Sony Ericsson Posts Profit but Sales Disappoint

Oct. 15, 2010
The difficulty for Sony Ericsson has been sudden steep competition from RiM (Blackberry) and Apple (iPhone), forcing the company to refocus its business on the high end of the handset market.

Mobile phone manufacturer Sony Ericsson reported a third quarter running of net profits on Oct. 15 following dramatic restructuring after a bad patch last year. But its sales for the quarter fell far below expectations.

The company, the fifth-biggest player in the global sector, said that in the three months ending in September, it had made a net profit of 49 million euros (US$69 million), compared to 193 million in the red in the same quarter last year. The company's sales however slipped by 1% to 1.60 billion euros.

The outcome fell far short of the figures expected by analysts who in a poll by Dow Jones Newswires had forecast a net profit of 67 million euros on sales up 13% at 1.87 billion.

Sales and the net outcome had plunged in 2009. Last year the company launched a program to reduce costs involving an extra loss of jobs amounting to nearly 2,000 cuts.

The difficulty for Sony Ericsson, as for Nokia in neighboring Finland, has been sudden steep competition from Canadian RiM (Blackberry) and especially from American Apple (iPhone), forcing the company to refocus its business on the high end of the handset market.

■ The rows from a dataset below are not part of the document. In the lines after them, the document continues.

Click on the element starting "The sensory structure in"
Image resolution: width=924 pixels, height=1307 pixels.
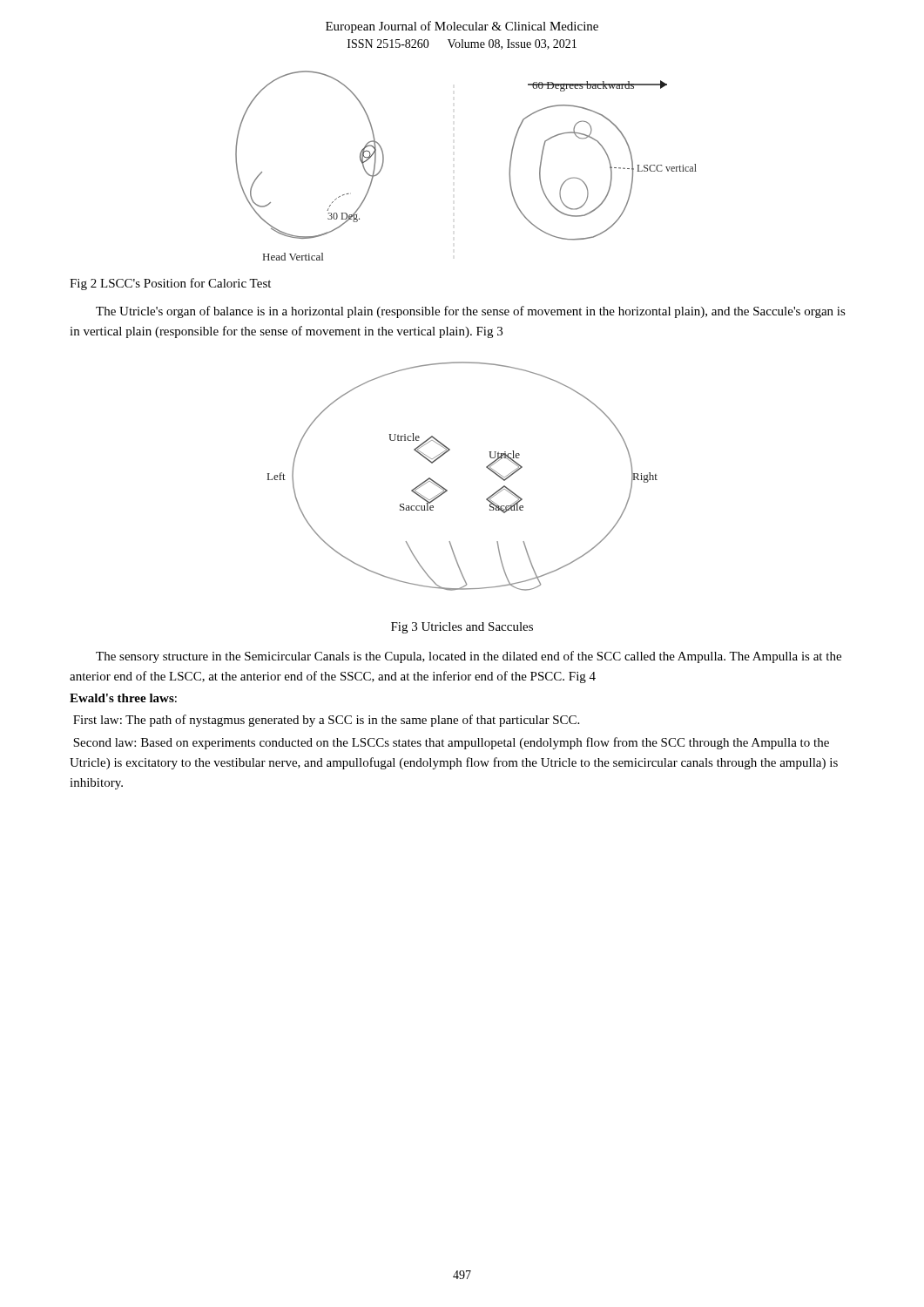coord(456,666)
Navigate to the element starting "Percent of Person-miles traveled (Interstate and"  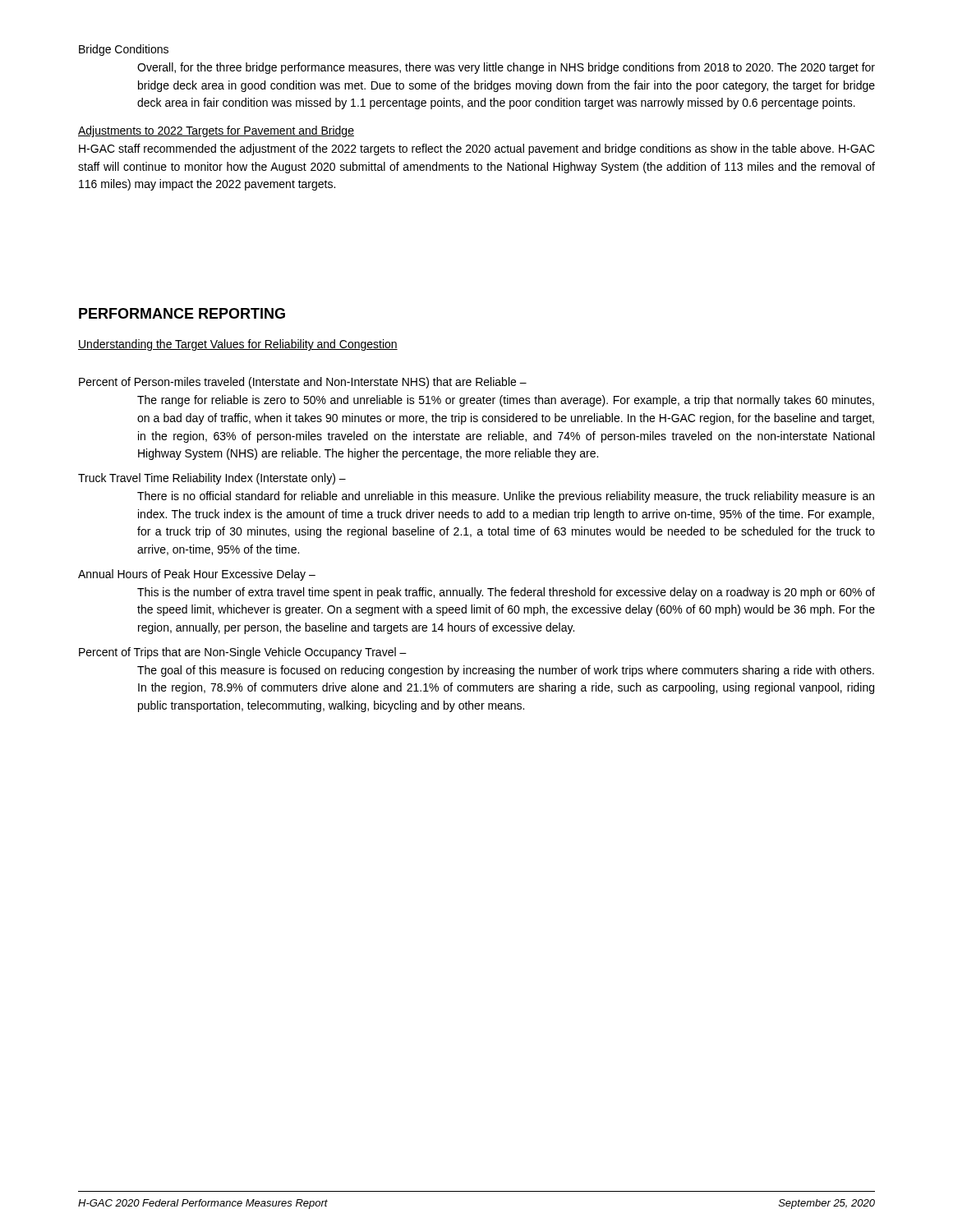476,419
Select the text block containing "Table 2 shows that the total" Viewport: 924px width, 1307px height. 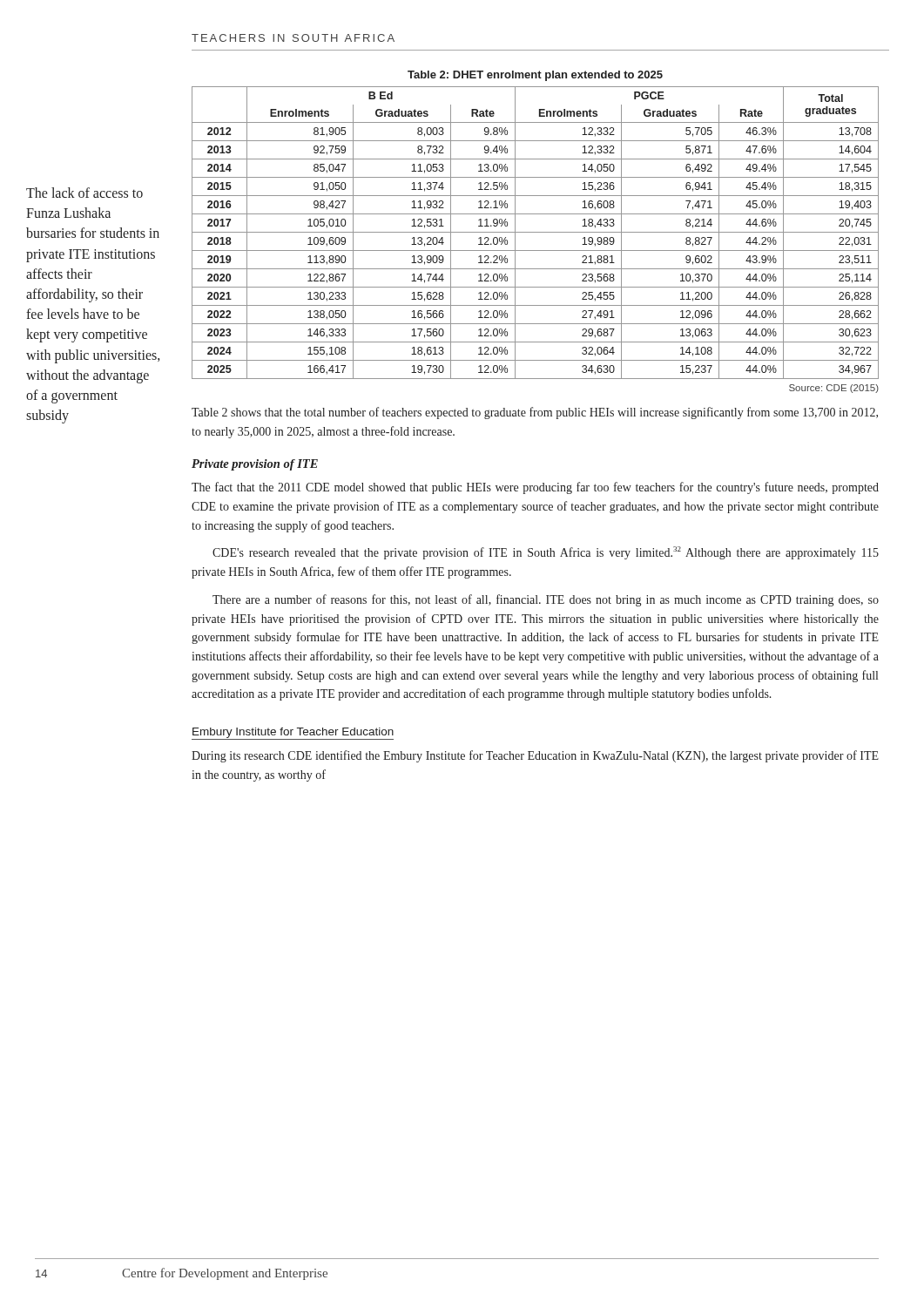(535, 422)

Sony Ericsson said it sold 10.4 million handsets in the third quarter, a 26% plunge from the same period a year ago.

However, the average sales price has soared as the company has refocused on the high-end, especially on its models based on Google's Android operating system. In the third quarter, Sony Ericsson averaged 154 euros per handset sold, a jump of 34% from the same three-month period in 2009.

"Our third consecutive quarter of profitable results illustrates that Sony Ericsson's overall performance is stabilizing," company chief executive Bert Nordberg said. "Our strategy to focus on the smartphone segment is succeeding and smartphones now comprise more than 50% of our total sales," he added.

In the third quarter, he pointed out, Sony Ericsson had launched its new Android-based Xperia phone models in new markets like China and the United States. "It is our ambition to become the global number one handset provider on the Android platform," Nordberg said.